== Excerpted records

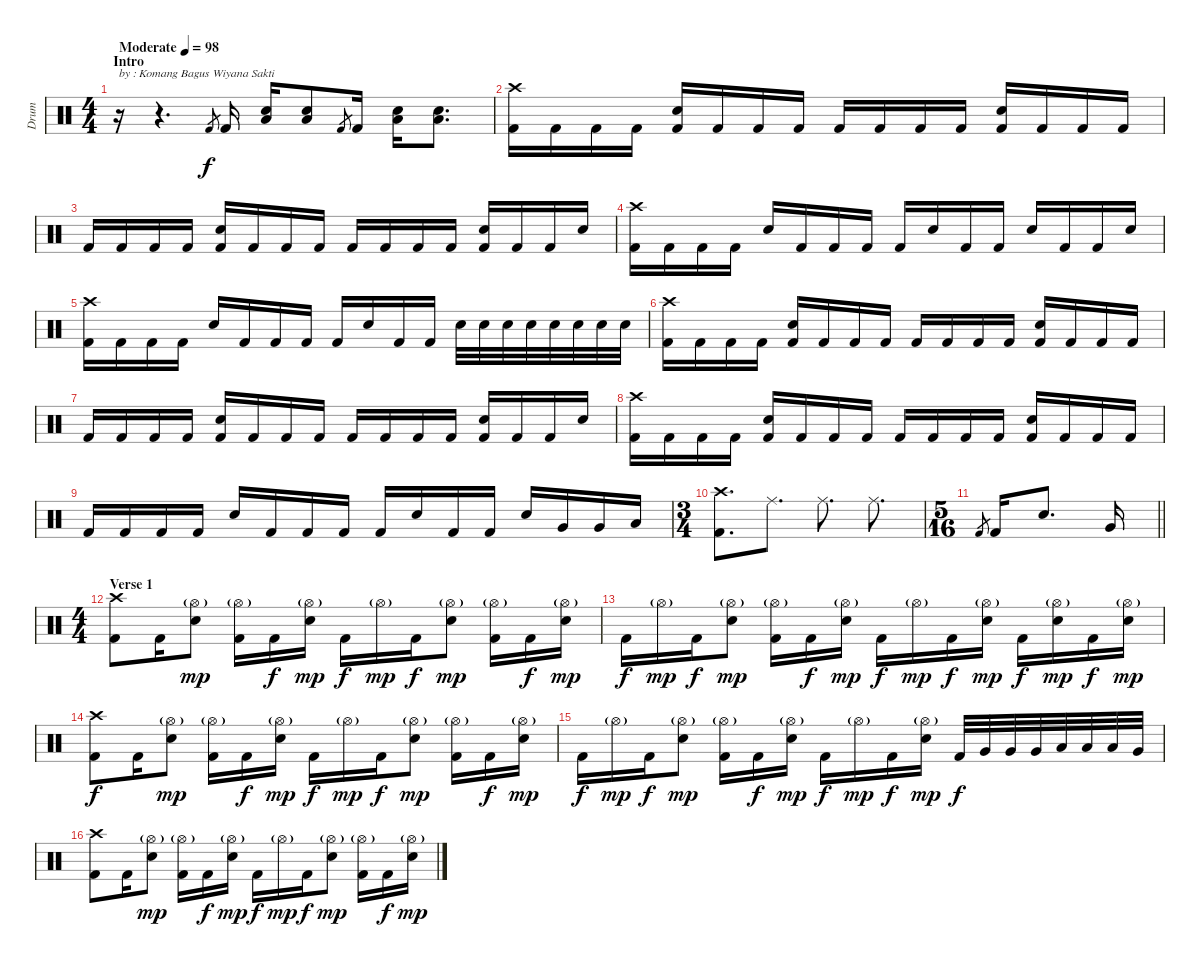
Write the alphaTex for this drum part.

\track ("Drum" "Drum") {instrument percussion}
\staff {score}
\articulation defaults
\ts (4 4)
\section ("" "Intro")
\tempo (98 "Moderate")
\clef neutral
\ks c
r.16{txt "by : Komang Bagus Wiyana Sakti" dy f} r.4{d} "Kick (hit) 2".8{gr} "Kick (hit) 2".16 ("Low Floor Tom (hit)" "Electric Snare (hit)").16 ("Low Floor Tom (hit)" "Electric Snare (hit)").8 "Kick (hit) 2".8{gr} "Kick (hit) 2".16 ("Low Floor Tom (hit)" "Electric Snare (hit)").16 ("Low Floor Tom (hit)" "Electric Snare (hit)").8{d} |
("Crash high (hit)" "Kick (hit) 2").16 "Kick (hit) 2".16 "Kick (hit) 2".16 "Kick (hit) 2".16 ("Electric Snare (hit)" "Kick (hit) 2").16 "Kick (hit) 2".16 "Kick (hit) 2".16 "Kick (hit) 2".16 "Kick (hit) 2".16 "Kick (hit) 2".16 "Kick (hit) 2".16 "Kick (hit) 2".16 ("Electric Snare (hit)" "Kick (hit) 2").16 "Kick (hit) 2".16 "Kick (hit) 2".16 "Kick (hit) 2".16 |
"Kick (hit) 2".16 "Kick (hit) 2".16 "Kick (hit) 2".16 "Kick (hit) 2".16 ("Electric Snare (hit)" "Kick (hit) 2").16 "Kick (hit) 2".16 "Kick (hit) 2".16 "Kick (hit) 2".16 "Kick (hit) 2".16 "Kick (hit) 2".16 "Kick (hit) 2".16 "Kick (hit) 2".16 ("Electric Snare (hit)" "Kick (hit) 2").16 "Kick (hit) 2".16 "Kick (hit) 2".16 "Electric Snare (hit)".16 |
("Crash high (hit)" "Kick (hit) 2").16 "Kick (hit) 2".16 "Kick (hit) 2".16 "Kick (hit) 2".16 "Electric Snare (hit)".16 "Kick (hit) 2".16 "Kick (hit) 2".16 "Kick (hit) 2".16 "Kick (hit) 2".16 "Electric Snare (hit)".16 "Kick (hit) 2".16 "Kick (hit) 2".16 "Electric Snare (hit)".16 "Kick (hit) 2".16 "Kick (hit) 2".16 "Electric Snare (hit)".16 |
("Crash high (hit)" "Kick (hit) 2").16 "Kick (hit) 2".16 "Kick (hit) 2".16 "Kick (hit) 2".16 "Electric Snare (hit)".16 "Kick (hit) 2".16 "Kick (hit) 2".16 "Kick (hit) 2".16 "Kick (hit) 2".16 "Electric Snare (hit)".16 "Kick (hit) 2".16 "Kick (hit) 2".16 "Electric Snare (hit)".32 "Electric Snare (hit)".32 "Electric Snare (hit)".32 "Electric Snare (hit)".32 "Electric Snare (hit)".32 "Electric Snare (hit)".32 "Electric Snare (hit)".32 "Electric Snare (hit)".32 |
("Crash high (hit)" "Kick (hit) 2").16 "Kick (hit) 2".16 "Kick (hit) 2".16 "Kick (hit) 2".16 ("Electric Snare (hit)" "Kick (hit) 2").16 "Kick (hit) 2".16 "Kick (hit) 2".16 "Kick (hit) 2".16 "Kick (hit) 2".16 "Kick (hit) 2".16 "Kick (hit) 2".16 "Kick (hit) 2".16 ("Electric Snare (hit)" "Kick (hit) 2").16 "Kick (hit) 2".16 "Kick (hit) 2".16 "Kick (hit) 2".16 |
"Kick (hit) 2".16 "Kick (hit) 2".16 "Kick (hit) 2".16 "Kick (hit) 2".16 ("Electric Snare (hit)" "Kick (hit) 2").16 "Kick (hit) 2".16 "Kick (hit) 2".16 "Kick (hit) 2".16 "Kick (hit) 2".16 "Kick (hit) 2".16 "Kick (hit) 2".16 "Kick (hit) 2".16 ("Electric Snare (hit)" "Kick (hit) 2").16 "Kick (hit) 2".16 "Kick (hit) 2".16 "Electric Snare (hit)".16 |
("Crash high (hit)" "Kick (hit) 2").16 "Kick (hit) 2".16 "Kick (hit) 2".16 "Kick (hit) 2".16 ("Electric Snare (hit)" "Kick (hit) 2").16 "Kick (hit) 2".16 "Kick (hit) 2".16 "Kick (hit) 2".16 "Kick (hit) 2".16 "Kick (hit) 2".16 "Kick (hit) 2".16 "Kick (hit) 2".16 ("Electric Snare (hit)" "Kick (hit) 2").16 "Kick (hit) 2".16 "Kick (hit) 2".16 "Kick (hit) 2".16 |
"Kick (hit) 2".16 "Kick (hit) 2".16 "Kick (hit) 2".16 "Kick (hit) 2".16 "Electric Snare (hit)".16 "Kick (hit) 2".16 "Kick (hit) 2".16 "Kick (hit) 2".16 "Kick (hit) 2".16 "Electric Snare (hit)".16 "Kick (hit) 2".16 "Kick (hit) 2".16 "Electric Snare (hit)".16 "Very Low Tom (hit)".16 "Very Low Tom (hit)".16 "Low Floor Tom (hit)".16 |
\ts (3 4)
("Crash high (hit)" "Kick (hit) 2").8{d} "Ride (middle)".8{d} "Ride (middle)".8{d} "Ride (middle)".8{d} |
\ts (5 16)
\barLineRight lightlight "Kick (hit) 2".8{gr} "Kick (hit) 2".16 "Electric Snare (hit)".8{d} "Very Low Tom (hit)".16
|
\ts (4 4)
\section ("" "Verse 1")
("Crash high (hit)" "Kick (hit) 2").8 "Kick (hit) 2".16 ("Hi-Hat (open)"{g} "Electric Snare (hit)").8{dy mp} ("Hi-Hat (open)"{g} "Kick (hit) 2").16 "Kick (hit) 2".16{dy f} ("Hi-Hat (open)"{g} "Electric Snare (hit)").16{dy mp} "Kick (hit) 2".16{dy f} "Hi-Hat (open)"{g}.16{dy mp} "Kick (hit) 2".16{dy f} ("Hi-Hat (open)"{g} "Electric Snare (hit)").8{dy mp} ("Hi-Hat (open)"{g} "Kick (hit) 2").16 "Kick (hit) 2".16{dy f} ("Hi-Hat (open)"{g} "Electric Snare (hit)").16{dy mp} |
"Kick (hit) 2".16{dy f} "Hi-Hat (open)"{g}.16{dy mp} "Kick (hit) 2".16{dy f} ("Hi-Hat (open)"{g} "Electric Snare (hit)").8{dy mp} ("Hi-Hat (open)"{g} "Kick (hit) 2").16 "Kick (hit) 2".16{dy f} ("Hi-Hat (open)"{g} "Electric Snare (hit)").16{dy mp} "Kick (hit) 2".16{dy f} "Hi-Hat (open)"{g}.16{dy mp} "Kick (hit) 2".16{dy f} ("Hi-Hat (open)"{g} "Electric Snare (hit)").16{dy mp} "Kick (hit) 2".16{dy f} ("Hi-Hat (open)"{g} "Electric Snare (hit)").16{dy mp} "Kick (hit) 2".16{dy f} ("Hi-Hat (open)"{g} "Electric Snare (hit)").16{dy mp} |
("Crash high (hit)" "Kick (hit) 2").8{dy f} "Kick (hit) 2".16 ("Hi-Hat (open)"{g} "Electric Snare (hit)").8{dy mp} ("Hi-Hat (open)"{g} "Kick (hit) 2").16 "Kick (hit) 2".16{dy f} ("Hi-Hat (open)"{g} "Electric Snare (hit)").16{dy mp} "Kick (hit) 2".16{dy f} "Hi-Hat (open)"{g}.16{dy mp} "Kick (hit) 2".16{dy f} ("Hi-Hat (open)"{g} "Electric Snare (hit)").8{dy mp} ("Hi-Hat (open)"{g} "Kick (hit) 2").16 "Kick (hit) 2".16{dy f} ("Hi-Hat (open)"{g} "Electric Snare (hit)").16{dy mp} |
"Kick (hit) 2".16{dy f} "Hi-Hat (open)"{g}.16{dy mp} "Kick (hit) 2".16{dy f} ("Hi-Hat (open)"{g} "Electric Snare (hit)").8{dy mp} ("Hi-Hat (open)"{g} "Kick (hit) 2").16 "Kick (hit) 2".16{dy f} ("Hi-Hat (open)"{g} "Electric Snare (hit)").16{dy mp} "Kick (hit) 2".16{dy f} "Hi-Hat (open)"{g}.16{dy mp} "Kick (hit) 2".16{dy f} ("Hi-Hat (open)"{g} "Electric Snare (hit)").16{dy mp} "Kick (hit) 2".32{dy f} "Very Low Tom (hit)".32 "Very Low Tom (hit)".32 "Very Low Tom (hit)".32 "Low Floor Tom (hit)".32 "Low Floor Tom (hit)".32 "Low Floor Tom (hit)".32 "Very Low Tom (hit)".32 |
("Crash high (hit)" "Kick (hit) 2").8 "Kick (hit) 2".16 ("Hi-Hat (open)"{g} "Electric Snare (hit)").8{dy mp} ("Hi-Hat (open)"{g} "Kick (hit) 2").16 "Kick (hit) 2".16{dy f} ("Hi-Hat (open)"{g} "Electric Snare (hit)").16{dy mp} "Kick (hit) 2".16{dy f} "Hi-Hat (open)"{g}.16{dy mp} "Kick (hit) 2".16{dy f} ("Hi-Hat (open)"{g} "Electric Snare (hit)").8{dy mp} ("Hi-Hat (open)"{g} "Kick (hit) 2").16 "Kick (hit) 2".16{dy f} ("Hi-Hat (open)"{g} "Electric Snare (hit)").16{dy mp}
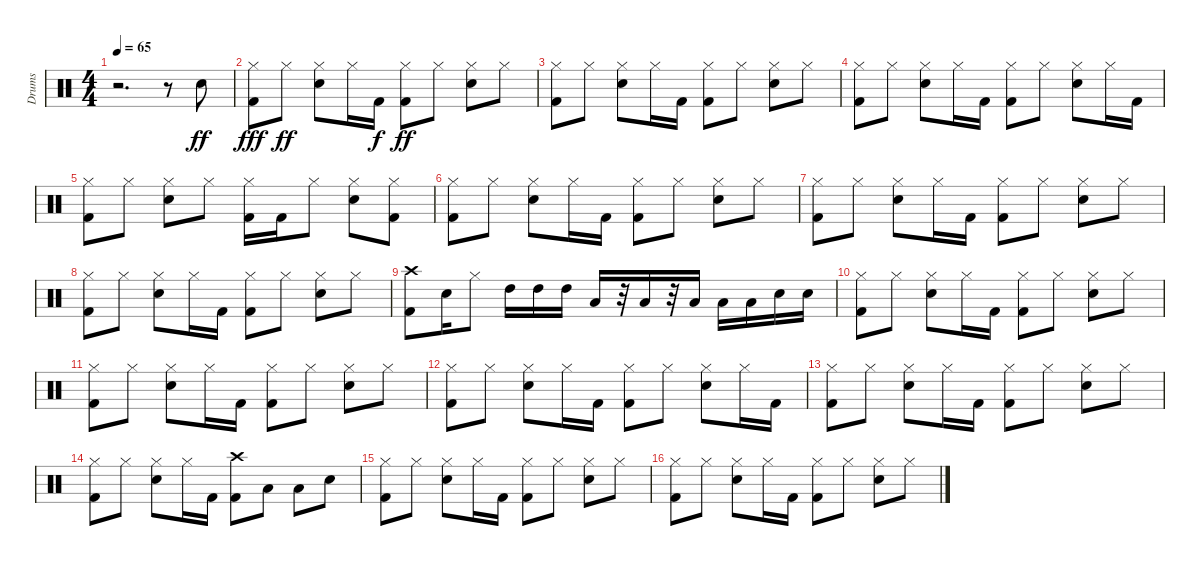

====

» **What this task involves**:
Once you have read through the entries, say how many of their lines include the string "Very" and give nothing but that number.

» **Solution for this problem**:
3